__Required action__. Among the records that follow, find the line with "Answer yes or no. Yes. Does Medium Seafoam have the minimum" and the line with "Answer yes or no. No. Is Violet". Set down those lines and all lines between them exactly, without adding anything.

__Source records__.
--------------------------------
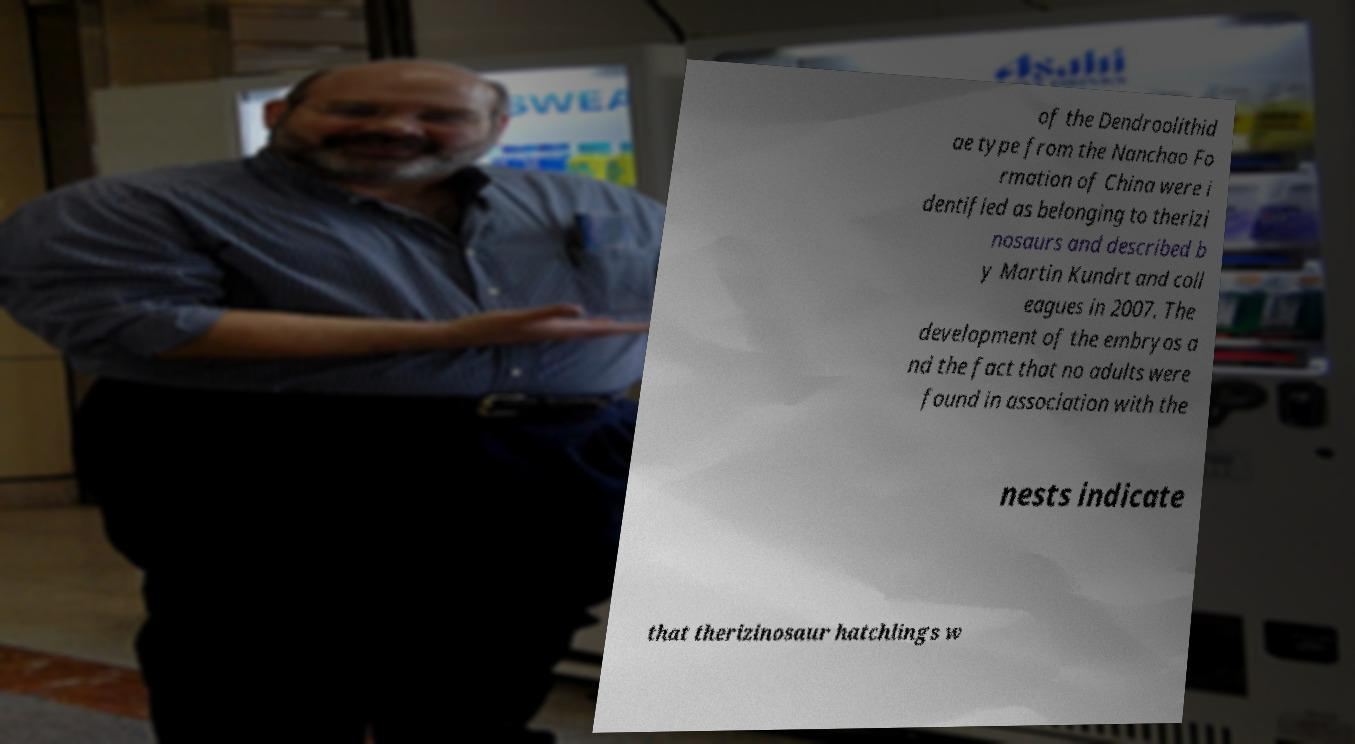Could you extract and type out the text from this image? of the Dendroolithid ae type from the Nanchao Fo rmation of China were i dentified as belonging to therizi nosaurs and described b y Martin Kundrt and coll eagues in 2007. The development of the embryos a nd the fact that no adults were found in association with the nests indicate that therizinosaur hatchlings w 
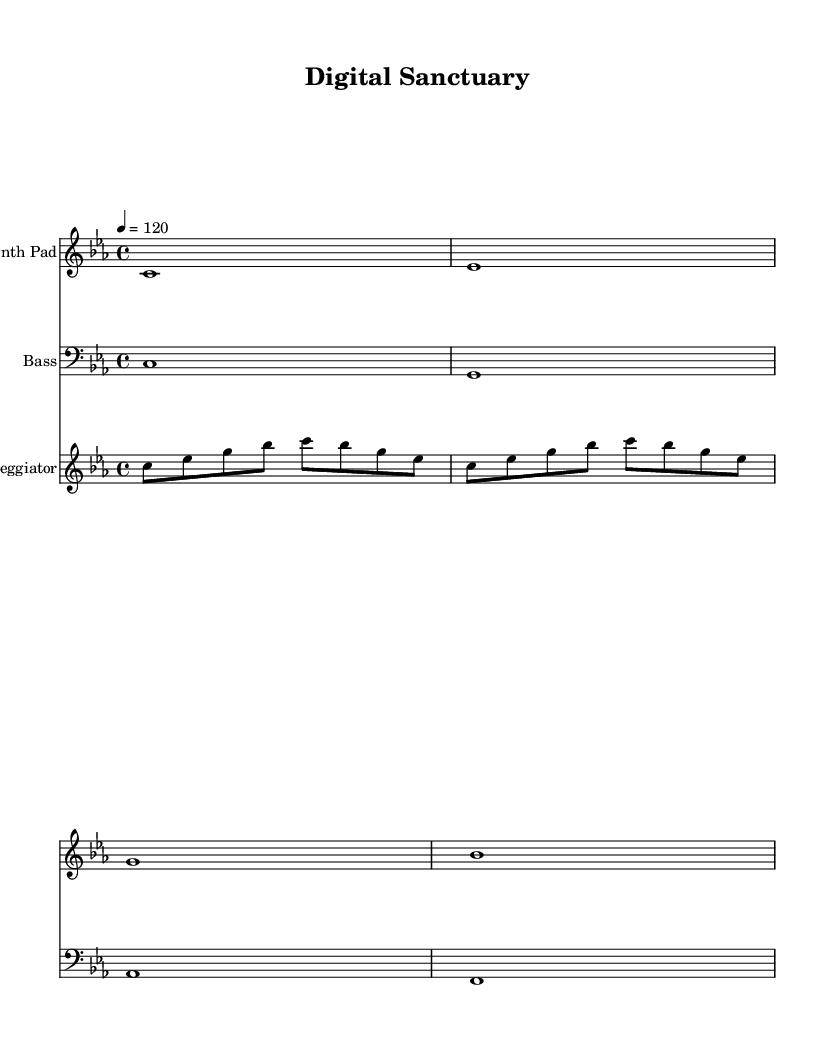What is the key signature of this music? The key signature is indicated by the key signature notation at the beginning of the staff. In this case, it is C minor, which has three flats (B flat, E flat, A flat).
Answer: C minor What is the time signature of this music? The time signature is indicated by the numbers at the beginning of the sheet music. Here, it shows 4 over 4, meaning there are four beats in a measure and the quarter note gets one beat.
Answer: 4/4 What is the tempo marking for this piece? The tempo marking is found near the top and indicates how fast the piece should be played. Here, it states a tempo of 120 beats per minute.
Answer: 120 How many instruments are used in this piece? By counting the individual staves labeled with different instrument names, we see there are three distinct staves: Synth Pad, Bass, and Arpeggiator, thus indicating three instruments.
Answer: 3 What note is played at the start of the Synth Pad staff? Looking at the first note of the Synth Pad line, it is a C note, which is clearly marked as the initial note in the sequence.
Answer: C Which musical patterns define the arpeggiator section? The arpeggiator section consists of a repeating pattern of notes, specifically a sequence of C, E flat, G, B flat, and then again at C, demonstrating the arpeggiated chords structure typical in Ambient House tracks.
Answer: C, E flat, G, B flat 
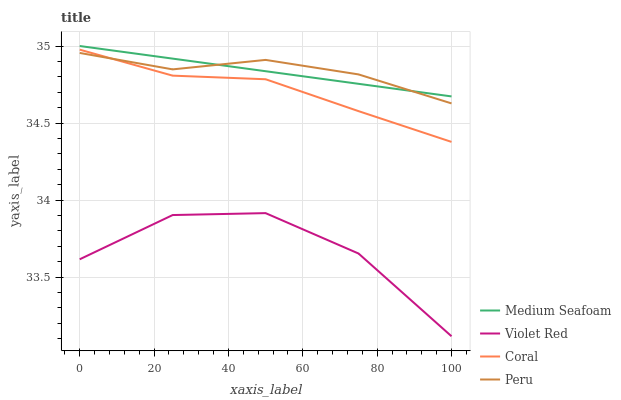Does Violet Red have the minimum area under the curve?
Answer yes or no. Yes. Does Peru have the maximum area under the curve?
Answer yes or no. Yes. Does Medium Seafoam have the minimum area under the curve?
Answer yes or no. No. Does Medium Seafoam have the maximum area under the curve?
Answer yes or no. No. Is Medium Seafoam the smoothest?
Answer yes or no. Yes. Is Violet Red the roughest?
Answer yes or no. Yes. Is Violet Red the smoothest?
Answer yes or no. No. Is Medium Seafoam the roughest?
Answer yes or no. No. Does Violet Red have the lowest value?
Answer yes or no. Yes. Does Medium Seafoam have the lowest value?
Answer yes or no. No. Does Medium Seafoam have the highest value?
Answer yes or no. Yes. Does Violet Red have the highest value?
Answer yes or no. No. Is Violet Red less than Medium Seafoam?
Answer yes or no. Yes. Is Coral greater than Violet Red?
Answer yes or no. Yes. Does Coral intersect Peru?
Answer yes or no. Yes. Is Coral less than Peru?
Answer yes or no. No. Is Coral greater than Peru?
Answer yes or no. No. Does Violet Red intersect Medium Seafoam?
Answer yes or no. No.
--------------------------------
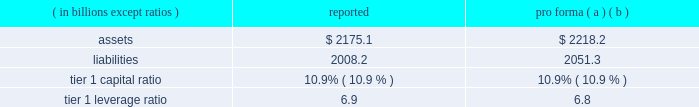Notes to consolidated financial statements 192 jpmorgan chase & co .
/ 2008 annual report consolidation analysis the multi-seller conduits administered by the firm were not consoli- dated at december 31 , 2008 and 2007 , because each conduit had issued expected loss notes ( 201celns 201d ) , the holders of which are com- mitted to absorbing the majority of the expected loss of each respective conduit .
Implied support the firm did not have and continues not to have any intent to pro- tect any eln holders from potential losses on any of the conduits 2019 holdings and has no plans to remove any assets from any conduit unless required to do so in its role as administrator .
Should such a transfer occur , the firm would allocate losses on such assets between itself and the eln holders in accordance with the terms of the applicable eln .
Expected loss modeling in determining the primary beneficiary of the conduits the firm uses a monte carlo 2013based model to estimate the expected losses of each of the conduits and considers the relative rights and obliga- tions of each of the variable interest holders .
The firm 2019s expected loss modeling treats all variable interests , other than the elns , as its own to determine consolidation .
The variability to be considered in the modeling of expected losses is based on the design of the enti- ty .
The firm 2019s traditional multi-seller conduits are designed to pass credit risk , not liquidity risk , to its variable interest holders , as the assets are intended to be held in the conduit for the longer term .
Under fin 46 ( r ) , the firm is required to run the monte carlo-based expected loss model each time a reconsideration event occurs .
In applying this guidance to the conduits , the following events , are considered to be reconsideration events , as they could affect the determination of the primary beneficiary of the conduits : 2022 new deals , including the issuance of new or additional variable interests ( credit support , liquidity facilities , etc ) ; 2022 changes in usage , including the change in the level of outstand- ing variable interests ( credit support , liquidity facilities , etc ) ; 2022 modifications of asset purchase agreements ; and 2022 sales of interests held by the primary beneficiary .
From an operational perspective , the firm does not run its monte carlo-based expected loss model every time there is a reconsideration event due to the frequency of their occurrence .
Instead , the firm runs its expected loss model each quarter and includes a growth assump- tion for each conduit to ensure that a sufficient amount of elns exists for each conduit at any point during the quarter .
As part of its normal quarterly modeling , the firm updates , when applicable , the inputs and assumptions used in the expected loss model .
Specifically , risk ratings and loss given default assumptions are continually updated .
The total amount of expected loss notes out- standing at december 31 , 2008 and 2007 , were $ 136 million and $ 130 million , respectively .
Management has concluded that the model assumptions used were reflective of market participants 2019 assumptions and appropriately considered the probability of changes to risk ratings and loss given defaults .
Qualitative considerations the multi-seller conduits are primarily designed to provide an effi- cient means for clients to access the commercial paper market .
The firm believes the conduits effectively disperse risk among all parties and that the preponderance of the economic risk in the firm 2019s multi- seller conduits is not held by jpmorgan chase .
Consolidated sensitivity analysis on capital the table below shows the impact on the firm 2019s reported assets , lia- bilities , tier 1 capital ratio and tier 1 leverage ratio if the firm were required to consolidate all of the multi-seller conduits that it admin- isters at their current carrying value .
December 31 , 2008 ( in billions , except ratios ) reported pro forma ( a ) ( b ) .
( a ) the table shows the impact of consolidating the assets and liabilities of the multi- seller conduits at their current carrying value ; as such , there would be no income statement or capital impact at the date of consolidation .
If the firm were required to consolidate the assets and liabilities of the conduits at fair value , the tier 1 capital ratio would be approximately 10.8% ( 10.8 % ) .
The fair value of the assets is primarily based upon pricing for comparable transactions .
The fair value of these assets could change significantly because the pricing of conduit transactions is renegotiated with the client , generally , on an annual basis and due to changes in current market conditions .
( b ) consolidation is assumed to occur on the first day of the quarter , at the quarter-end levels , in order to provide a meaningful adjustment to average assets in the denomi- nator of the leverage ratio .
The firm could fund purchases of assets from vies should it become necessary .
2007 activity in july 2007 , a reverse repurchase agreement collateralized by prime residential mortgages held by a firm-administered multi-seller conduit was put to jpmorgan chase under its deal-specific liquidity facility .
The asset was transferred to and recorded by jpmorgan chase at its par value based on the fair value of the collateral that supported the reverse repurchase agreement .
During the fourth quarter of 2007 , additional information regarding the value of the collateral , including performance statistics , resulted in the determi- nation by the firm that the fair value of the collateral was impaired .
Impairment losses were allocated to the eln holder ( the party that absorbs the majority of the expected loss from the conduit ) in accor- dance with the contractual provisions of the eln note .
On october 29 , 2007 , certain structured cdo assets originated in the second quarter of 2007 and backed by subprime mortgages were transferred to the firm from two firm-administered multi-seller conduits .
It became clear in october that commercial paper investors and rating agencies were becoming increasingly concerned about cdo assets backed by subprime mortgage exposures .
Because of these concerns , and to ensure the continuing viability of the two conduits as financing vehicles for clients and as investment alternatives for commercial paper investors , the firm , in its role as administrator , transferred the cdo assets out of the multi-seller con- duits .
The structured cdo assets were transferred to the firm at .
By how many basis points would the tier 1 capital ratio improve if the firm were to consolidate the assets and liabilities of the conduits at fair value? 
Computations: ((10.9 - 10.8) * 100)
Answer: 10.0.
--------------------------------
__Answer to the exercise__.
Answer yes or no. Yes. Does Medium Seafoam have the minimum area under the curve?
Answer yes or no. No. Does Medium Seafoam have the maximum area under the curve?
Answer yes or no. No. Is Medium Seafoam the smoothest?
Answer yes or no. Yes. Is Violet Red the roughest?
Answer yes or no. Yes. Is Violet Red the smoothest?
Answer yes or no. No. Is Medium Seafoam the roughest?
Answer yes or no. No. Does Violet Red have the lowest value?
Answer yes or no. Yes. Does Medium Seafoam have the lowest value?
Answer yes or no. No. Does Medium Seafoam have the highest value?
Answer yes or no. Yes. Does Violet Red have the highest value?
Answer yes or no. No. Is Violet Red less than Medium Seafoam?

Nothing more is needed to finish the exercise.